Saat aku keluar dari kamar aku melihat Fensya sudah duduk diatas bantal kecil diruang keluarga bersama ibu mertuaku Dengan wajah masamnya.
" Nay kamu jangan egois, kalau yang menghadapi masalah ini Annisa,apa kamu akan tetap menyimpan peninggalan Edward. Pasti ga kan..? Kamu pasti akan menggunakan asset dan uang peninggalan Edward untuk menolak Annisa.?" Pertanyaan ibu mertuaku itu awalnya aku tanggapi dengan senyuman kecil sebelum aku menjawabnya.
" Iya kan, kamu pasti akan menjual apa yang kamu punya untuk menolong Annisa." Ucap ibu mertuaku lagi dengan sinis.
" Ehmmm Bunda ga mungkin melakukan kesalahan seperti Mama lakuin sekarang. Maaf Mam,..! Aku yakin banget kalau bunda ga ka pernah melakukan hal yang seperti mama lakukan sekarang. Dan kalaupun bunda berhutang, bunda pasti akan berusaha menyelesaikan nya sendiri. Bunda akan menjual hartanya terlebih dahulu sebelum meminta tolong pada orang lain. Karena bunda pun ngajarin aku dan Nathan, untuk melepaskan asset dari pada meminjam atau menyusahkan orang lain. Kata orang Sunda mah harta talang raga" Aku hentikan dulu ucapan ku melihat reaksi ibu mertuaku.
" Maksud kamu apa ..?" Tanya ibu mertuaku ketus.
" Bunda punya tas mahal, paling mahal tas bunda itu ratusan juta, ga sampai milyaran seperti mama. Itupun bunda dapat dari hadiah bukan sengaja Bunda beli sendiri, bunda tidak mau berinvestasi dalam barang mewah. Maaf Mam,bukan nya mau membandingkan tapi mama Yang nanya aku. Dan aku jawab begini karena bunda ga mungkin bikin aku dan Nathan terjebak dalam masalah." Jawabku.
" Jadi maksud kamu,aku menjebak kamu dalam masalah...?" Bentak ibu mertuaku.
" Apa mama ga menyadari Paul sudah banyak kehilangan projectnya, bahkan Paul juga menutup beberapa pabriknya di jepang maupun di Korea ini. Aku sendiri baru tahu kemarin dari Afifah dan setelah aku konfirmasi pada Paul ternyata benar. Dan itu Paul lakukan saking cintanya Paul pada Mama. Tapi mama lebih cinta koleksi mama. Tadi pagi Paul izin akan menjual koleksi mobil dan jam tangannya dan beberapa assetnya di Jerman. Apa seperti itu tidak menjebak anak dalam masalah. Padahal Mama bisa menanggulanginya. Bukankah mama cukup berpendidikan...? Kenapa Mama ga lapor polisi kalau mama kena tipu..? Dan minta penundaan pembayaran kembali..? Kan bukan mama yang menipu, mama sendiri tertipu." Ucapku.
Tangan ibu mertuaku mengambang hendak menamparku.
" Ya ya ya... Hey ... Kamu...? Ada apa kamu mau memukul anakku ..?" Aku menoleh melihat ke arah suara.
Disana ada Lee Salhi putri nya Imo dan Suaminya.
Ibu mertuaku dengan tangan masih terangkat menoleh kesal.
" Dengar Ya Nayla, kalau dulu Paul tidak menikahi kamu,aku tidak akan se sial ini.

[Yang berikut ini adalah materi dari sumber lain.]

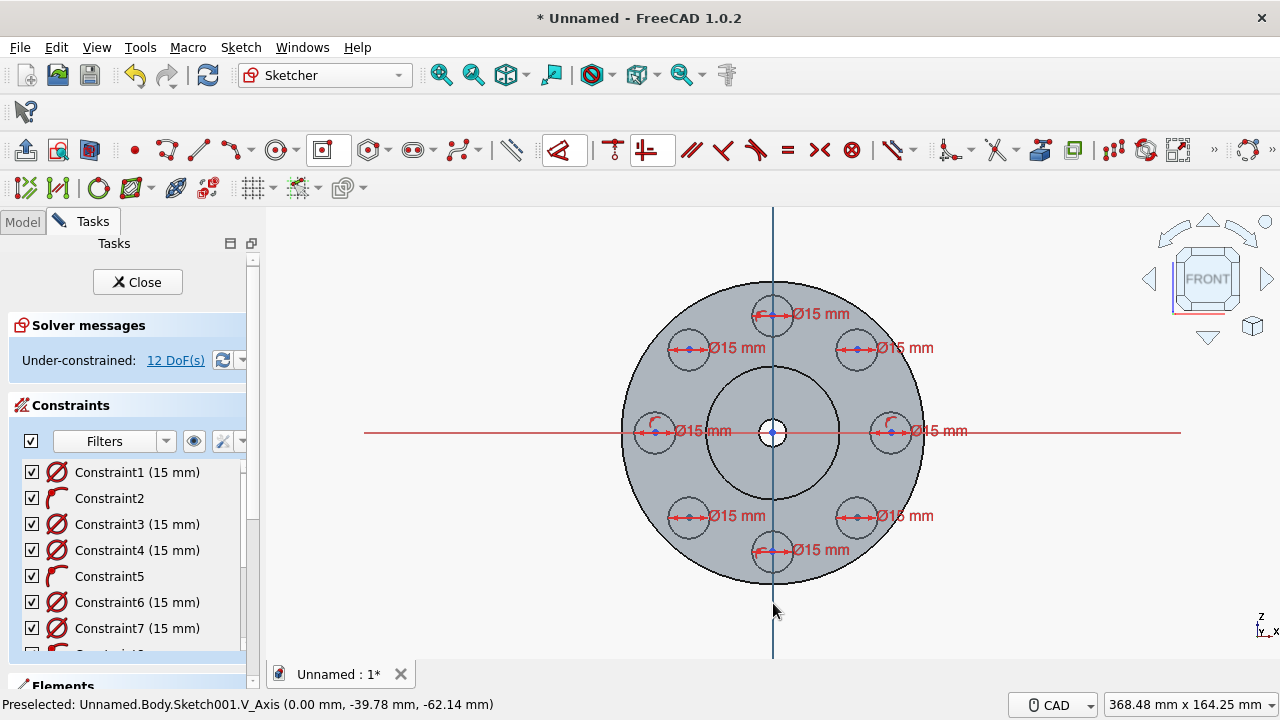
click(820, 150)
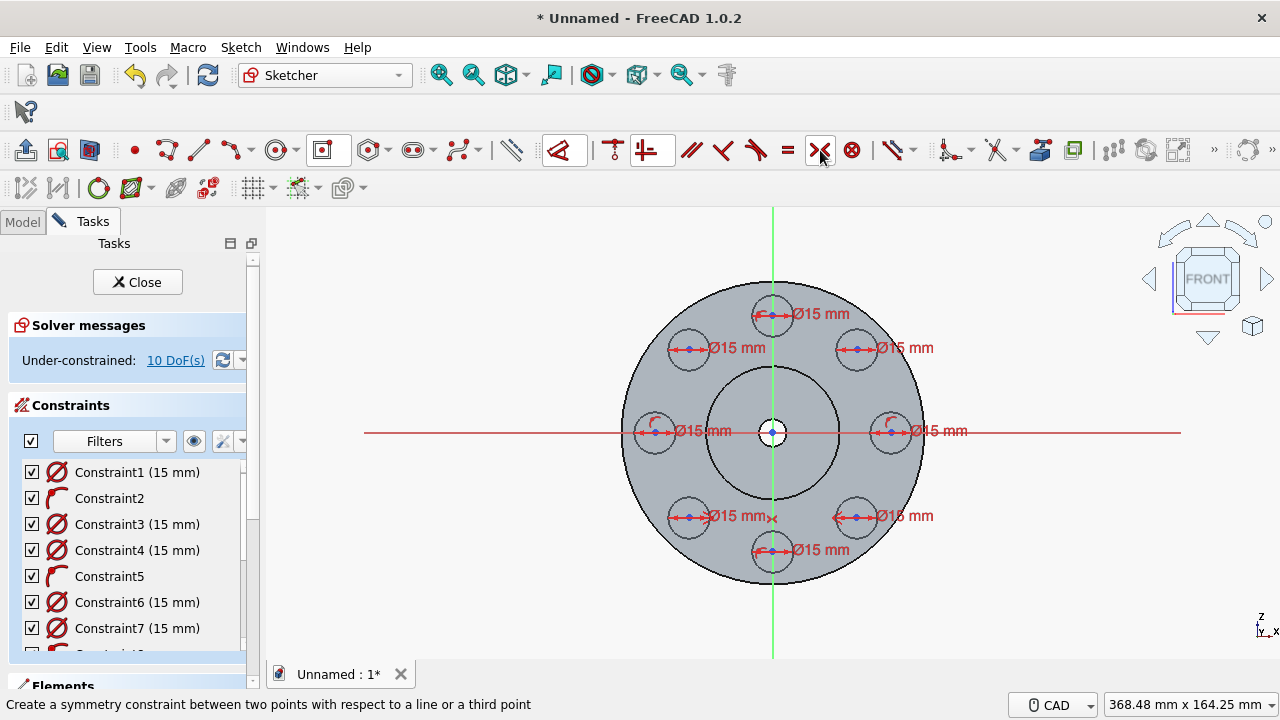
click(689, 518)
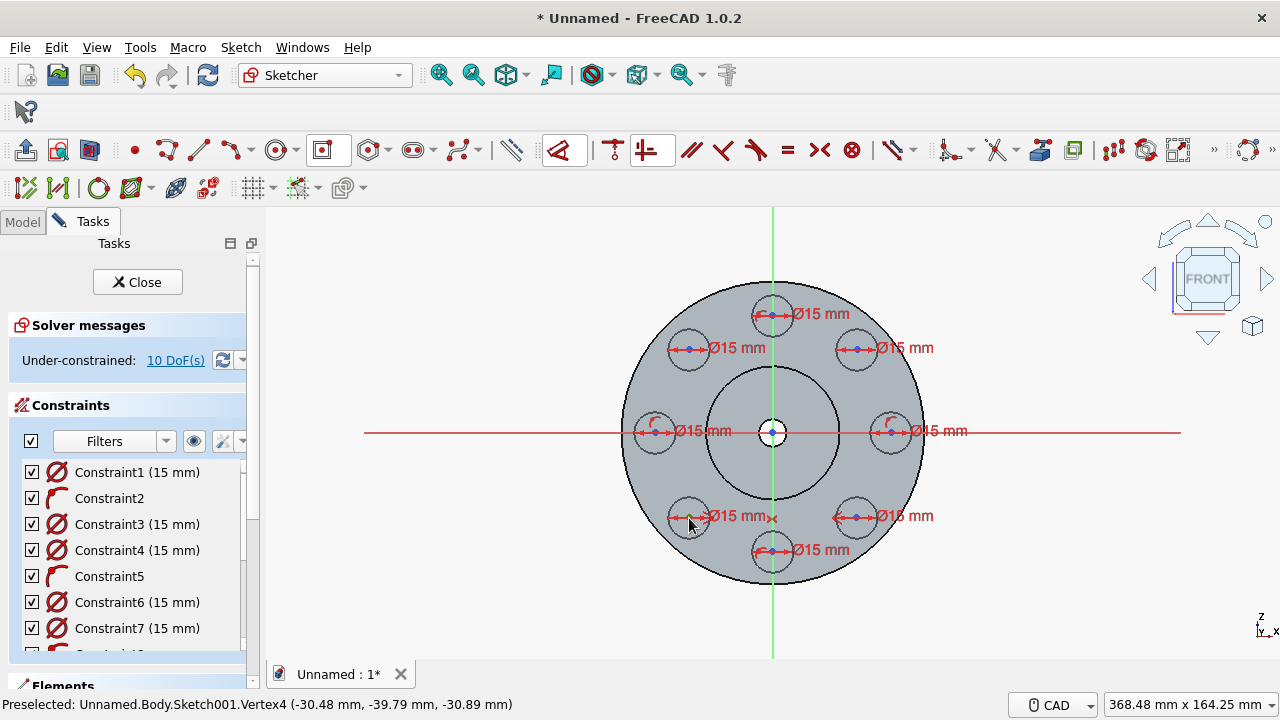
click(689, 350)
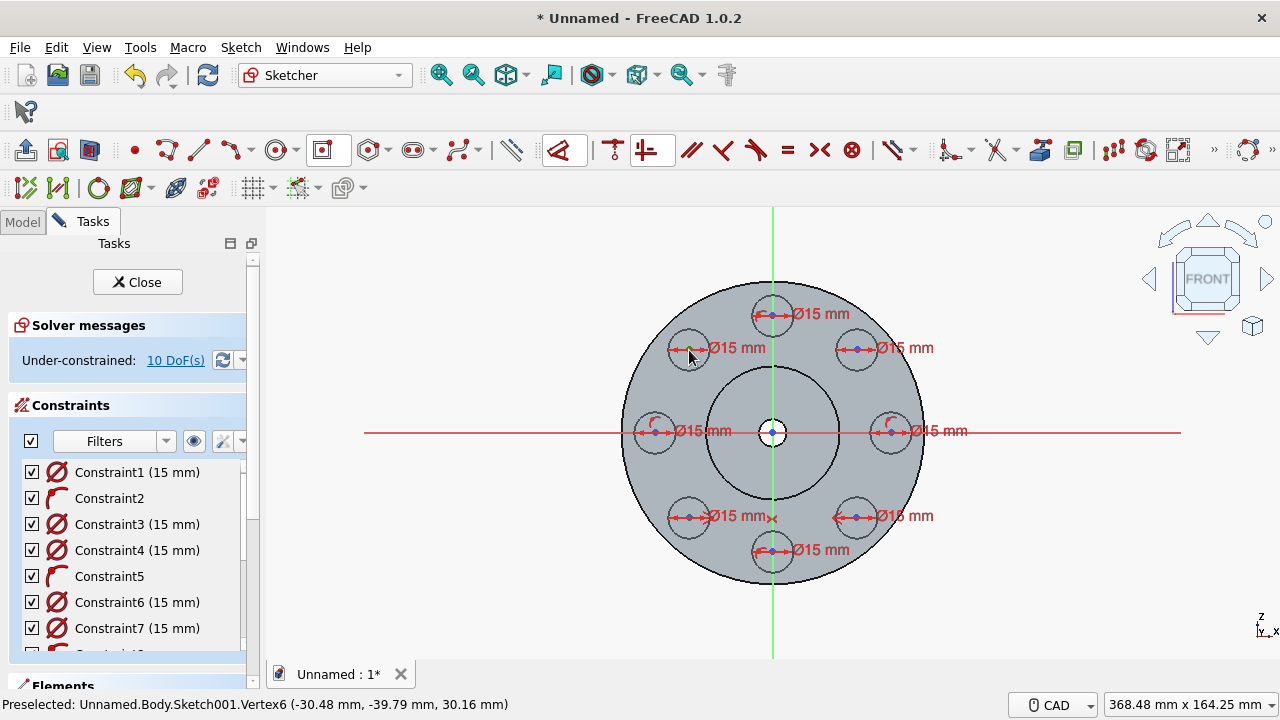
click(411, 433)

Kamu ini memang pembawa sial" ujar ibu mertuaku sambil berdiri.
" Ga ada hubungan nya kali tante.justru kalau Nayla tidak menikah dengan Paul, Christensen group tidak mungkin memiliki saham di Hutier " aku ga nyangka kata-kata itu keluar dari mulut Fensya.
Ibu mertuaku langsung melangkah dengan cepat ke kamarnya.

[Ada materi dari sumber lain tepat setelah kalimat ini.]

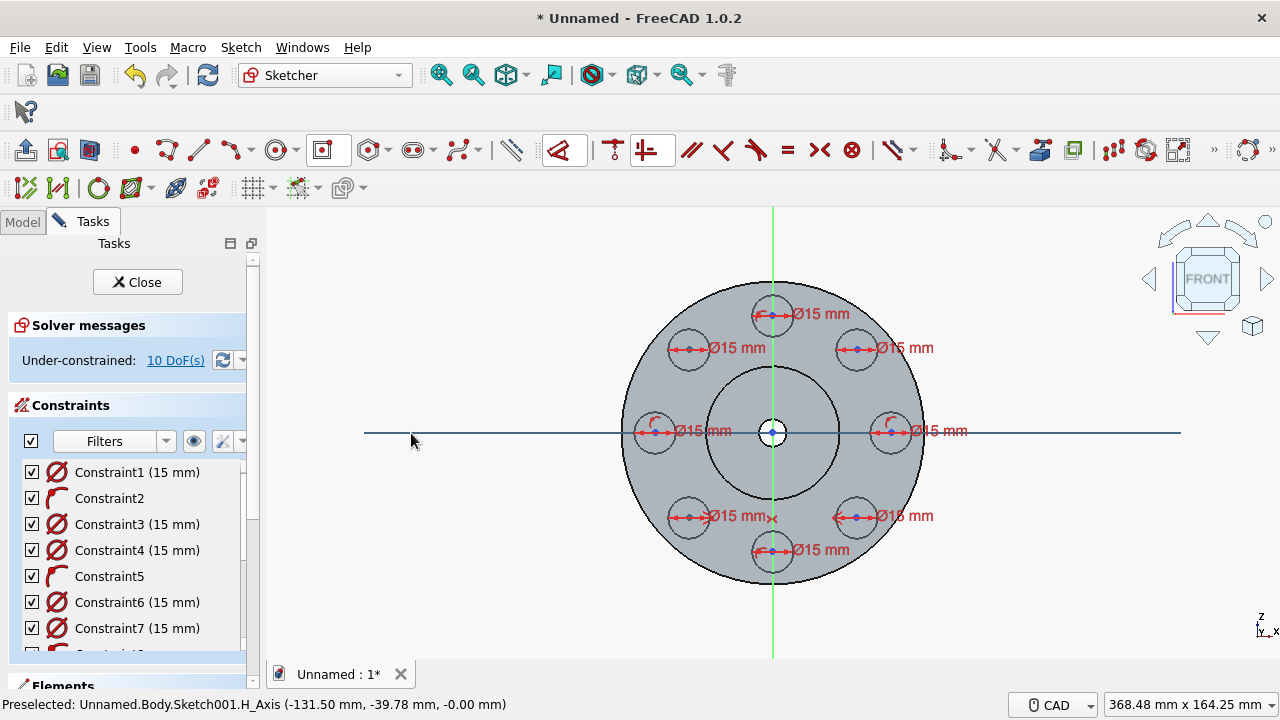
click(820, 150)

" Biarkan aja Nay,..! Aku tuh sebenarnya kesel banget sama Tante Ranti, kalau dua tahun lalu itu dia cepat menyelesaikan masalah ini. Ga akan sampai berlarut larut masalah nya. Aku jadi terseret karena kebanyakan investor itu nasabah aku." Ujar Fensya dengan kesal.

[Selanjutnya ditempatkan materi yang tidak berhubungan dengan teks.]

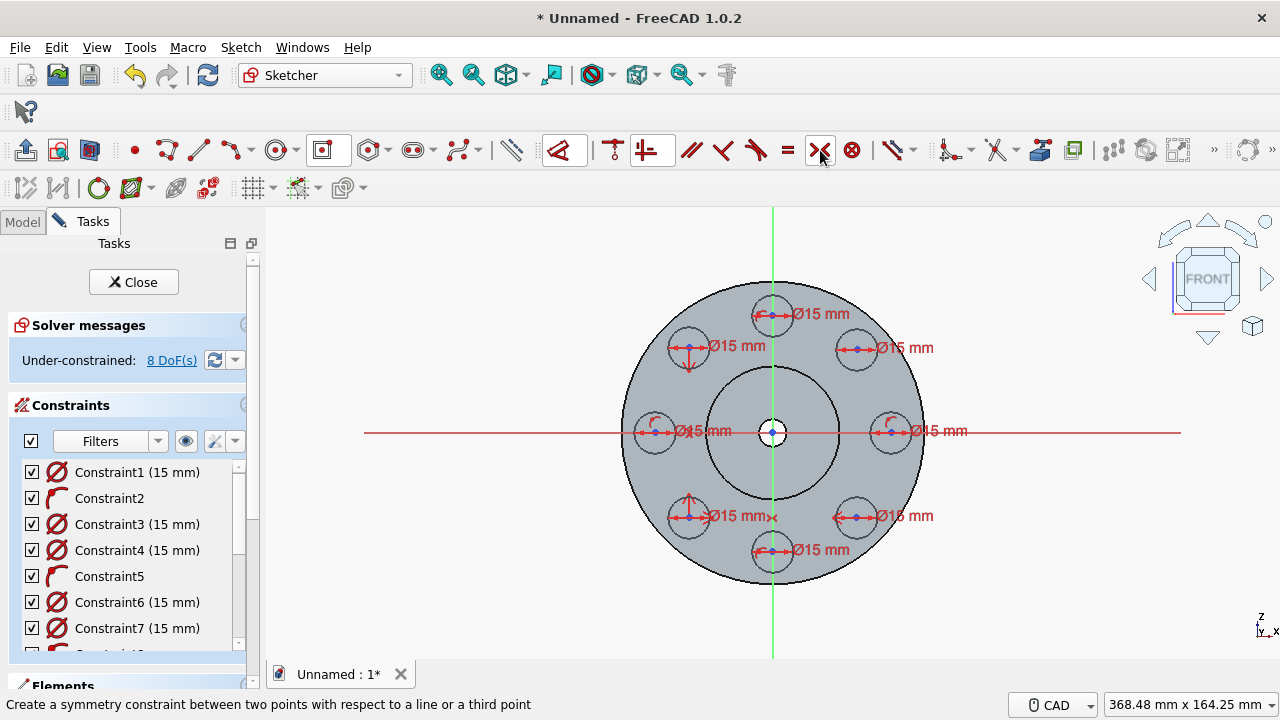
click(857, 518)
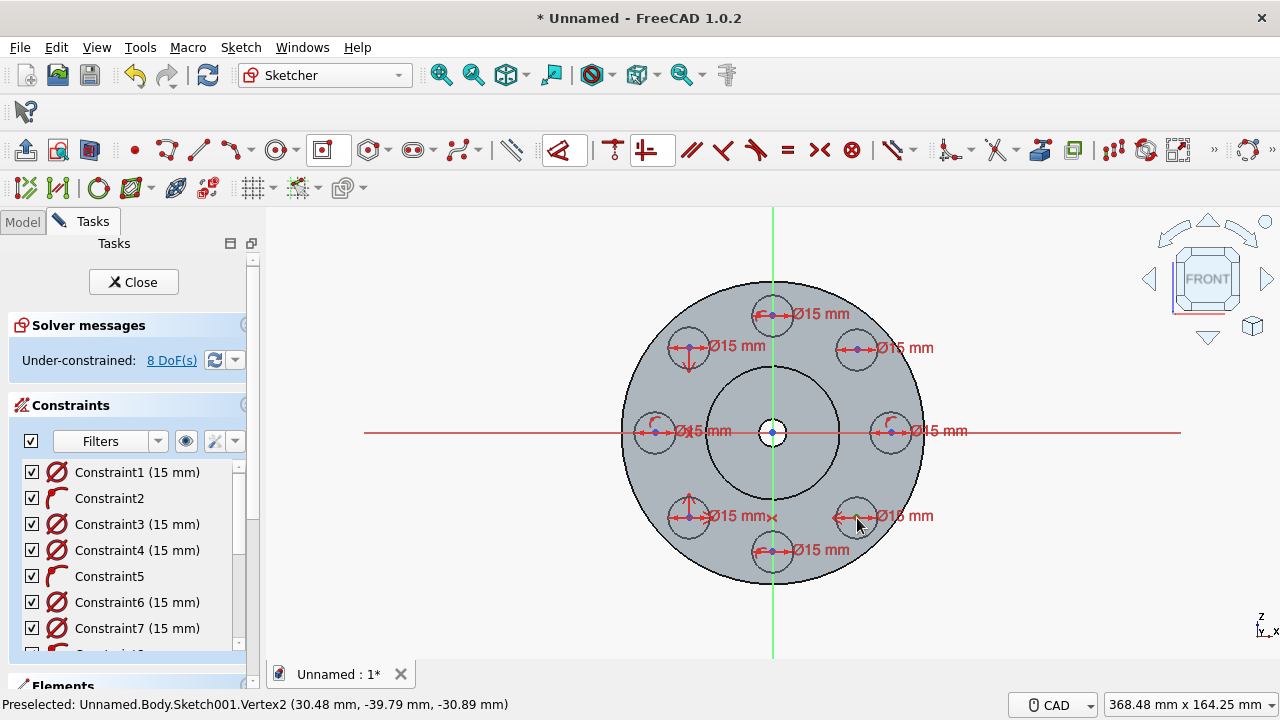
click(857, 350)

" Apa Arsy juga bantu..?" Tanyaku pada Fensya.
" Arsy itu diplomat,mana punya uang sebanyak itu. Malah parahnya ada beberapa investor koleganya Arsy. Tapi Arsy udah gerak cepat balikin uang mereka. Arsy sudah jual rumah di jakarta dan beberapa villa di Bali. Dan setelah itu Arsy ga mau lagi ikut campur. Aku kasian sebenernya sama Paul. Tante selalu menekan Paul, bahkan Tante itu selalu menekan Paul Nay." Aku dengan seksama mendengarkan penjelasan Fensya.
Chuka Lee salhi lalu duduk di sampingku dan suaminya juga duduk bergabung.
Mereka ngerti bahasa Indonesia dengan baik karena sebelumnya suami istri itu mengelola bisnis di Bali dan Jakarta.
" Tante Ranti itu disaat kita belingsatan nyari solusi, dia malah liburan dengan kapal pesiar dengan kawan sosialitanya." Ujar Fensya membuat kami Menggelengkan kepala.